本頁面由 Cloud Translation API 翻譯而成。

使用排名 API 改善搜尋和 RAG 品質

在 AI 應用程式的檢索增強生成 (RAG) 體驗中，您可以根據查詢對一組文件進行排序。

排序 API 會接收文件清單，並根據文件與查詢的相關程度重新排序。與僅考量文件和查詢語意相似度的嵌入內容相比，Ranking API 可提供精確的分數，指出文件回答特定查詢的程度。擷取初始候選文件集後，您可以使用排名 API 提升搜尋結果品質。

排序 API 是無狀態的，因此不需要在呼叫 API 前為文件建立索引。您只需要傳遞查詢和文件即可。

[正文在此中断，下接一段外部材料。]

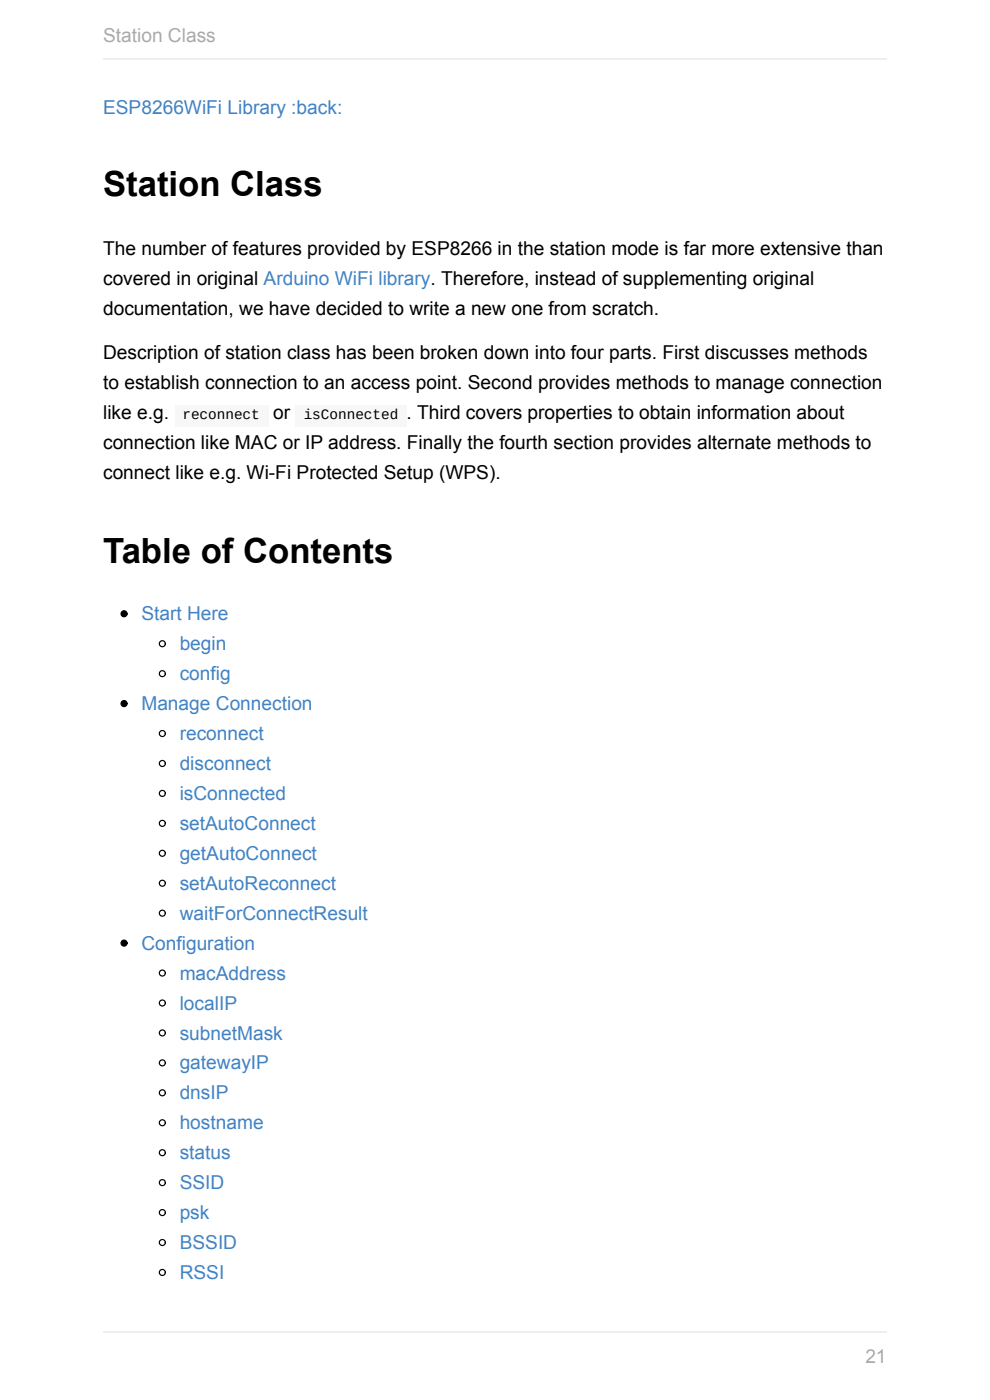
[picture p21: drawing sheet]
<svg xmlns="http://www.w3.org/2000/svg" width="210mm" height="297mm" viewBox="0 0 210 297" stroke-linecap="round" stroke-linejoin="round" font-family="sans-serif">
<defs><g id="words">
<g font-size="7.4">
<text x="21.9" y="41.7">Station Class</text>
<text x="21.9" y="119.4">Table of Contents</text>
</g>
<g font-size="4.1" fill="#aaa">
<text x="21.9" y="8.9">Station Class</text>
<text x="183.6" y="289.1">21</text>
</g>
<g font-size="4.1" fill="#4183c4">
<text x="21.9" y="24.1">ESP8266WiFi Library :back:</text>
<text x="30" y="131.6">Start Here</text>
<text x="38.1" y="138">begin</text>
<text x="38.1" y="144.3">config</text>
<text x="30" y="150.7">Manage Connection</text>
<text x="38.1" y="157">reconnect</text>
<text x="38.1" y="163.4">disconnect</text>
<text x="38.1" y="169.7">isConnected</text>
<text x="38.1" y="176.1">setAutoConnect</text>
<text x="38.1" y="182.4">getAutoConnect</text>
<text x="38.1" y="188.8">setAutoReconnect</text>
<text x="38.1" y="195.1">waitForConnectResult</text>
<text x="30" y="201.5">Configuration</text>
<text x="38.1" y="207.8">macAddress</text>
<text x="38.1" y="214.2">localIP</text>
<text x="38.1" y="220.5">subnetMask</text>
<text x="38.1" y="226.9">gatewayIP</text>
<text x="38.1" y="233.2">dnsIP</text>
<text x="38.1" y="239.6">hostname</text>
<text x="38.1" y="245.9">status</text>
<text x="38.1" y="252.3">SSID</text>
<text x="38.1" y="258.6">psk</text>
<text x="38.1" y="265">BSSID</text>
<text x="38.1" y="271.3">RSSI</text>
</g>
<g font-size="4.1">
<text x="21.9" y="54.1">The number of features provided by ESP8266 in the station mode is far more extensive than</text>
<text x="21.9" y="60.5">covered in original Arduino WiFi library. Therefore, instead of supplementing original</text>
<text x="21.9" y="66.8">documentation, we have decided to write a new one from scratch.</text>
<text x="21.9" y="76.2">Description of station class has been broken down into four parts. First discusses methods</text>
<text x="21.9" y="82.6">to establish connection to an access point. Second provides methods to manage connection</text>
<text x="21.9" y="88.9">like e.g.</text>
<text x="58" y="88.9">or</text>
<text x="86.2" y="88.9">.</text>
<text x="88.5" y="88.9">Third covers properties to obtain information about</text>
<text x="21.9" y="95.3">connection like MAC or IP address. Finally the fourth section provides alternate methods to</text>
<text x="21.9" y="101.6">connect like e.g. Wi-Fi Protected Setup (WPS).</text>
</g>
<g font-size="3">
<text x="38.7" y="88.9">reconnect</text>
<text x="64.4" y="88.9">isConnected</text>
</g>
</g></defs>
<g fill="#f7f7f7">
<path d="M37.1 85.9h19.8v4.5h-19.8z"/>
<path d="M62.7 85.9h23.6v4.5h-23.6z"/>
</g>
<g fill="#000" stroke="#000" stroke-width=".25">
<circle cx="26.3" cy="130.2" r=".63"/>
<circle cx="26.3" cy="149.3" r=".63"/>
<circle cx="26.3" cy="200.1" r=".63"/>
</g>
<g fill="none" stroke="#000" stroke-width=".25">
<circle cx="34.4" cy="136.6" r=".63"/>
<circle cx="34.4" cy="155.6" r=".63"/>
<circle cx="34.4" cy="142.9" r=".63"/>
<circle cx="34.4" cy="162" r=".63"/>
<circle cx="34.4" cy="174.7" r=".63"/>
<circle cx="34.4" cy="168.3" r=".63"/>
<circle cx="34.4" cy="181" r=".63"/>
<circle cx="34.4" cy="193.7" r=".63"/>
<circle cx="34.4" cy="187.4" r=".63"/>
<circle cx="34.4" cy="219.1" r=".63"/>
<circle cx="34.4" cy="206.4" r=".63"/>
<circle cx="34.4" cy="212.8" r=".63"/>
<circle cx="34.4" cy="225.5" r=".63"/>
<circle cx="34.4" cy="238.2" r=".63"/>
<circle cx="34.4" cy="231.8" r=".63"/>
<circle cx="34.4" cy="257.2" r=".63"/>
<circle cx="34.4" cy="250.9" r=".63"/>
<circle cx="34.4" cy="244.5" r=".63"/>
<circle cx="34.4" cy="263.6" r=".63"/>
<circle cx="34.4" cy="269.9" r=".63"/>
</g>
<path d="M21.9 12.6h166.2M21.9 282.6h166.2" fill="none" stroke="#eee" stroke-width=".25"/>
<use href="#words"/>
</svg>

因此，這項 API 非常適合用來重新排序 Vector Search 和其他搜尋解決方案中的文件。

本頁說明如何使用排序 API，根據查詢對一組文件進行排序。

用途

排名 API 的主要用途是提升搜尋結果的品質。

不過，在需要找出與使用者查詢最相關的內容時，排名 API 就能派上用場。舉例來說，排名 API 可協助您執行下列操作：

找出適合提供給 LLM 做為基礎的內容
提升現有搜尋體驗的關聯性
找出文件中的相關章節

以下流程說明如何使用排序 API，提升分塊文件的結果品質：

使用 Document AI Layout Parser API 將一組文件分割為幾個分塊。
使用 Embeddings API 為每個區塊建立嵌入。
將嵌入載入 Vector Search 或其他搜尋解決方案。
查詢搜尋索引，並擷取最相關的區塊。
使用排序 API 重新排序相關區塊。

輸入資料

排名 API 需要下列輸入內容：

您要為記錄排序的查詢。

例如：
```
"query": "Why is the sky blue?"
```

與查詢相關的一組記錄。記錄會以物件陣列的形式提供。每筆記錄可包含專屬 ID、標題和文件內容。每筆記錄都必須包含標題、內容或兩者。每筆記錄支援的權杖數量上限取決於使用的模型版本。舉例來說，模型最多支援 512 個權杖 (版本 003)，而版本 004 則支援 1024 個權杖。如果標題和內容的總長度超過模型的符記限制，系統會截斷多餘的內容。每個要求最多可包含 200 筆記錄。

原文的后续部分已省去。